Date: December 1, 2025
Time: 3:45-5 p.m.
Location: Computing and Information Science Building, Room 450 or via Zoom
Speaker: Surendra Ghentiyala, Cornell University
Title: The structure of in-place space-bounded computation
Abstract: Reusing space is an idea which has proven incredibly fruitful in the study of space-bounded computation. We introduce and investigate a model of computation which captures a new notion of reusing space: in-place computation, which formalizes the idea of reusing the space typically reserved for the input to a computation. More formally, a function f is computable in-place if there exists a program which, given that the input tape initially reads x, always transforms the input tape so that upon termination it contains f(x). We define new complexity classes corresponding to in-place computation and relate them to more standard notions of reusing space, such as catalytic space.

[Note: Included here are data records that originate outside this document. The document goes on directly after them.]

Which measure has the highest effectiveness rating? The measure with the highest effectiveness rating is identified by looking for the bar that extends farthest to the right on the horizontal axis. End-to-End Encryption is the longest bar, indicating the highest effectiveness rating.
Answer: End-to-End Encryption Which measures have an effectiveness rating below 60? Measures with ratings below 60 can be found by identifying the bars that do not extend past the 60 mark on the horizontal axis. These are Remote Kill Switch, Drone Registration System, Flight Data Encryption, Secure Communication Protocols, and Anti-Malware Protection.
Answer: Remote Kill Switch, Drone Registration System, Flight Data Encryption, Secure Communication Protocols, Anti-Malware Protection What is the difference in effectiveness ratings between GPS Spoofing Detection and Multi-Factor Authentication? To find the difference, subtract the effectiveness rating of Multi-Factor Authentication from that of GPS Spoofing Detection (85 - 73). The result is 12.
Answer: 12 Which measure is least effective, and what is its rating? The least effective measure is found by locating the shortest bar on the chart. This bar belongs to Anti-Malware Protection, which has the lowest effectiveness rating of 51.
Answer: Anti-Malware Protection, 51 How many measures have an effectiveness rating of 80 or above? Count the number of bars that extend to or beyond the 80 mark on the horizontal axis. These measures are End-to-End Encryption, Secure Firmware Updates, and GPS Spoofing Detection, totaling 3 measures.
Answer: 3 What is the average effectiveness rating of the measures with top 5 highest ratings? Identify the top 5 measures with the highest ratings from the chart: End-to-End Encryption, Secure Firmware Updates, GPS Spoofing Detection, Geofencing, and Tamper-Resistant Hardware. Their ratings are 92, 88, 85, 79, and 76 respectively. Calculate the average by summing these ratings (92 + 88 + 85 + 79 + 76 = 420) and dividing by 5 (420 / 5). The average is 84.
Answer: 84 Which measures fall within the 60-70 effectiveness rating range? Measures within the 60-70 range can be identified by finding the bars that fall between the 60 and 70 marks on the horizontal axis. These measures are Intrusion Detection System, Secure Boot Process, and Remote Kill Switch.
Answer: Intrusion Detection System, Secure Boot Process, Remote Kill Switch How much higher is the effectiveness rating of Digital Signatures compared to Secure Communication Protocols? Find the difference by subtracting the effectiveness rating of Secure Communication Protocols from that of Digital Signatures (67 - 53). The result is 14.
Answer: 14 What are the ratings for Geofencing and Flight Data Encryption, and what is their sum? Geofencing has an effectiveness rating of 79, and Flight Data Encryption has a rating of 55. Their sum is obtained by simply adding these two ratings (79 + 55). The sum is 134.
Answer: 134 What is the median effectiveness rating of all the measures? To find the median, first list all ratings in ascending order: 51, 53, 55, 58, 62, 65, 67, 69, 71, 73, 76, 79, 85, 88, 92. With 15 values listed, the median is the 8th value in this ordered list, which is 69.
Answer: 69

With these definitions in place, we prove results highlighting both the power and limitations of in-place computation.
1. We show that in-place computation is likely incomparable with standard space-bounded complexity classes.
2. We show algorithms which perform many classic linear algebra operations in-place (e.g. matrix multiplication, matrix inversion, etc.)
Based on joint work with James Cook, Ian Mertz, Edward Pyne, and Nathan S. Sheffield.
Bio: Surendra Ghentiyala is a Ph.D. student in computer science at Cornell University advised by Noah Stephens-Davidowitz. His research interests are complexity theory and cryptography. Most recently, his research has focused on TFNP, a class of problems which are not believed to be NP-hard but are also unlikely to admit polynomial time algorithms.